(SOURCE MATERIAL)

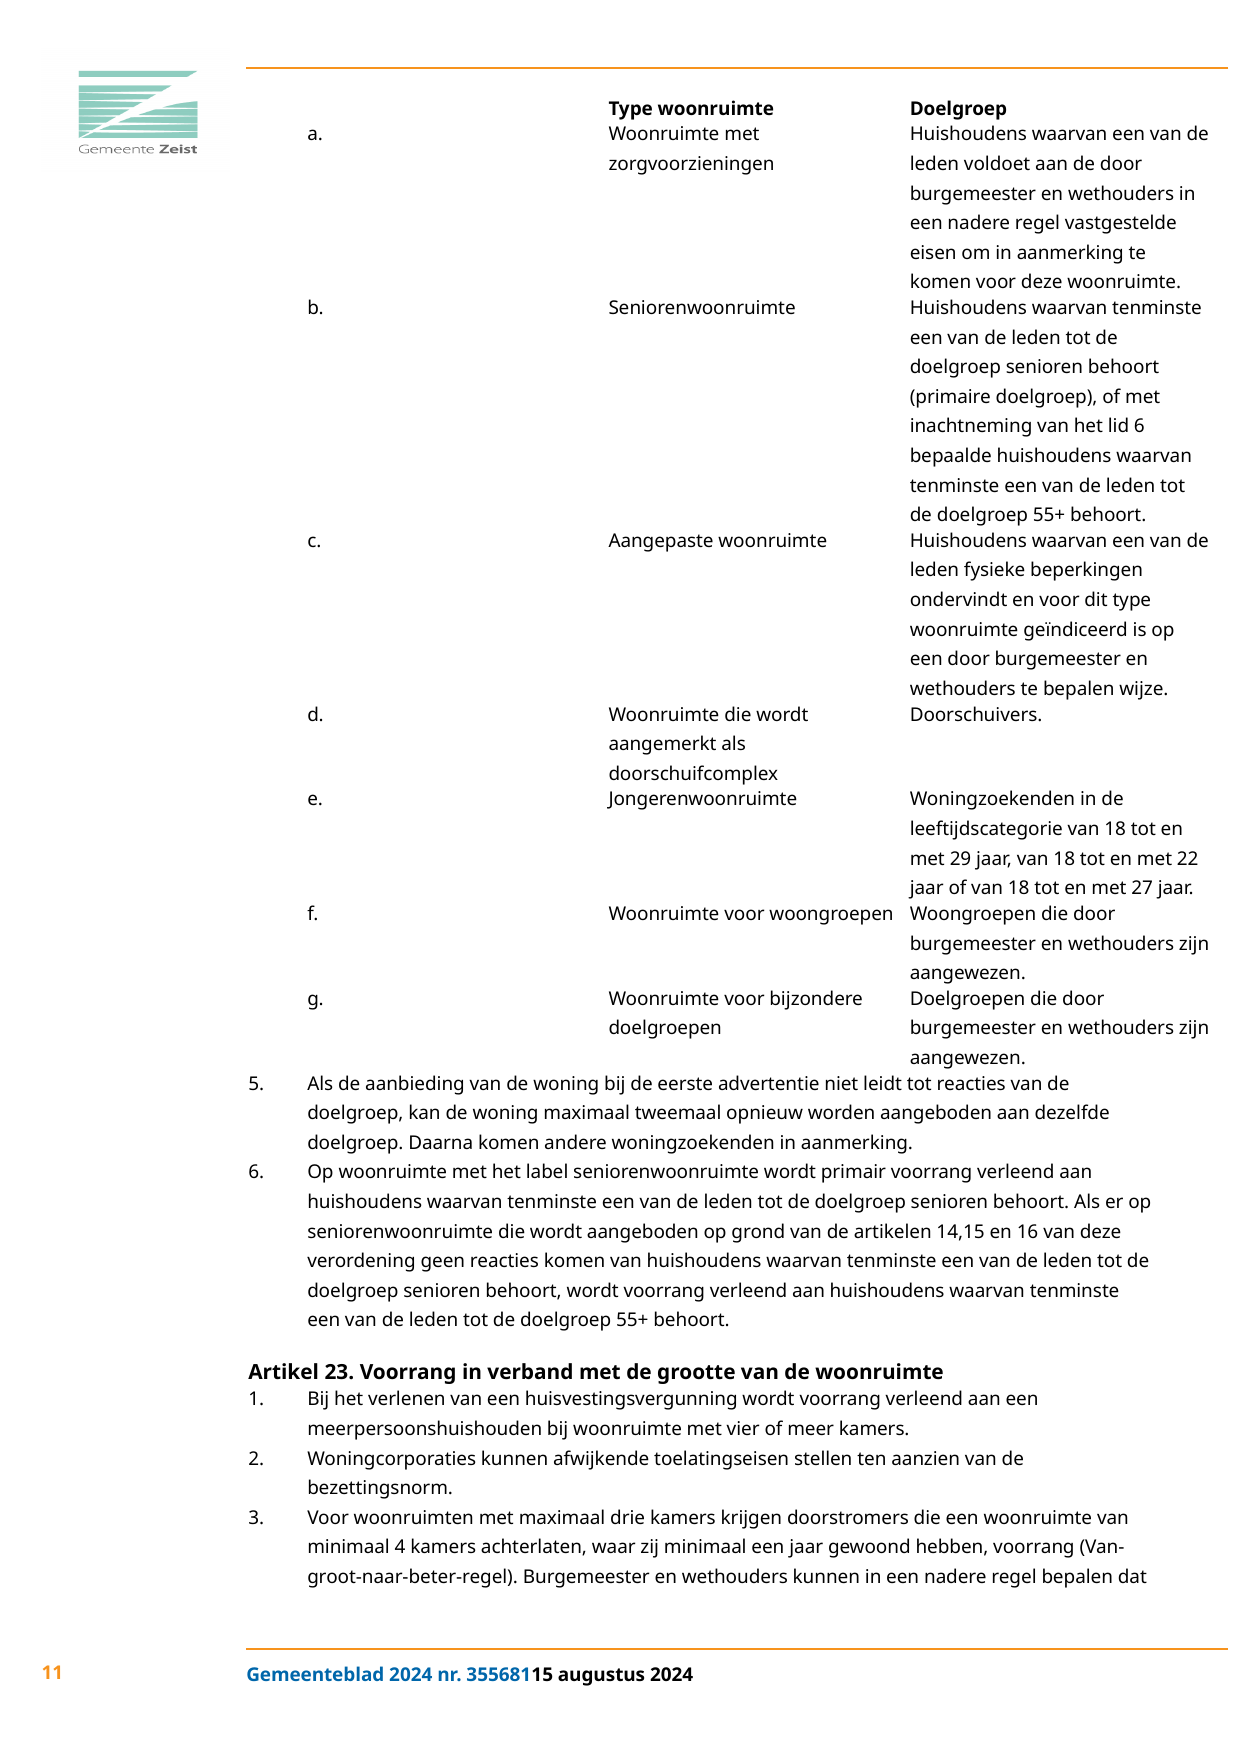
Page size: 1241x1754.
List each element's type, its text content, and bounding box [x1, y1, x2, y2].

list Als de aanbieding van de woning bij de eerste advertentie niet leidt tot reacties van de doelgroep, kan de woning maximaal tweemaal opnieuw worden aangeboden aan dezelfde doelgroep. Daarna komen andere woningzoekenden in aanmerking. [248, 1070, 1152, 1155]
list Woningcorporaties kunnen afwijkende toelatingseisen stellen ten aanzien van de bezettingsnorm. [248, 1445, 1152, 1500]
picture [41, 47, 231, 172]
table_cell b. [307, 294, 608, 527]
table_cell d. [307, 701, 608, 786]
table_cell g. [307, 985, 608, 1070]
table_cell Woningzoekenden in de leeftijdscategorie van 18 tot en met 29 jaar, van 18 tot en met 22 jaar of van 18 tot en met 27 jaar. [910, 786, 1211, 900]
list Bij het verlenen van een huisvestingsvergunning wordt voorrang verleend aan een meerpersoonshuishouden bij woonruimte met vier of meer kamers. [248, 1386, 1152, 1441]
list Voor woonruimten met maximaal drie kamers krijgen doorstromers die een woonruimte van minimaal 4 kamers achterlaten, waar zij minimaal een jaar gewoond hebben, voorrang (Van-groot-naar-beter-regel). Burgemeester en wethouders kunnen in een nadere regel bepalen dat [248, 1504, 1152, 1589]
list Op woonruimte met het label seniorenwoonruimte wordt primair voorrang verleend aan huishoudens waarvan tenminste een van de leden tot de doelgroep senioren behoort. Als er op seniorenwoonruimte die wordt aangeboden op grond van de artikelen 14,15 en 16 van deze verordening geen reacties komen van huishoudens waarvan tenminste een van de leden tot de doelgroep senioren behoort, wordt voorrang verleend aan huishoudens waarvan tenminste een van de leden tot de doelgroep 55+ behoort. [248, 1159, 1152, 1332]
table_header Type woonruimte [608, 95, 909, 121]
table_header [307, 95, 608, 121]
table_cell Doelgroepen die door burgemeester en wethouders zijn aangewezen. [910, 985, 1211, 1070]
text Artikel 23. Voorrang in verband met de grootte van de woonruimte [248, 1357, 1152, 1386]
table_cell Seniorenwoonruimte [608, 294, 909, 527]
table_cell Huishoudens waarvan een van de leden voldoet aan de door burgemeester en wethouders in een nadere regel vastgestelde eisen om in aanmerking te komen voor deze woonruimte. [910, 121, 1211, 294]
table_cell a. [307, 121, 608, 294]
table_cell Woonruimte voor bijzondere doelgroepen [608, 985, 909, 1070]
table_cell Huishoudens waarvan tenminste een van de leden tot de doelgroep senioren behoort (primaire doelgroep), of met inachtneming van het lid 6 bepaalde huishoudens waarvan tenminste een van de leden tot de doelgroep 55+ behoort. [910, 294, 1211, 527]
table_cell e. [307, 786, 608, 900]
table_cell Jongerenwoonruimte [608, 786, 909, 900]
table_cell Woonruimte die wordt aangemerkt als doorschuifcomplex [608, 701, 909, 786]
table_cell c. [307, 527, 608, 701]
table_cell Woongroepen die door burgemeester en wethouders zijn aangewezen. [910, 900, 1211, 985]
table_cell Doorschuivers. [910, 701, 1211, 786]
table_cell Woonruimte met zorgvoorzieningen [608, 121, 909, 294]
table_cell Huishoudens waarvan een van de leden fysieke beperkingen ondervindt en voor dit type woonruimte geïndiceerd is op een door burgemeester en wethouders te bepalen wijze. [910, 527, 1211, 701]
table_cell Aangepaste woonruimte [608, 527, 909, 701]
table_cell Woonruimte voor woongroepen [608, 900, 909, 985]
table_cell f. [307, 900, 608, 985]
table_header Doelgroep [910, 95, 1211, 121]

(End SOURCE MATERIAL)

_ABOUT THIS TASK:_ Lines holding "wordt" are the ones to copy; find all of them in the listing.

_SOLUTION FOR THIS EXERCISE:_
list Bij het verlenen van een huisvestingsvergunning wordt voorrang verleend aan een meerpersoonshuishouden bij woonruimte met vier of meer kamers. [248, 1386, 1152, 1441]
list Op woonruimte met het label seniorenwoonruimte wordt primair voorrang verleend aan huishoudens waarvan tenminste een van de leden tot de doelgroep senioren behoort. Als er op seniorenwoonruimte die wordt aangeboden op grond van de artikelen 14,15 en 16 van deze verordening geen reacties komen van huishoudens waarvan tenminste een van de leden tot de doelgroep senioren behoort, wordt voorrang verleend aan huishoudens waarvan tenminste een van de leden tot de doelgroep 55+ behoort. [248, 1159, 1152, 1332]
table_cell Woonruimte die wordt aangemerkt als doorschuifcomplex [608, 701, 909, 786]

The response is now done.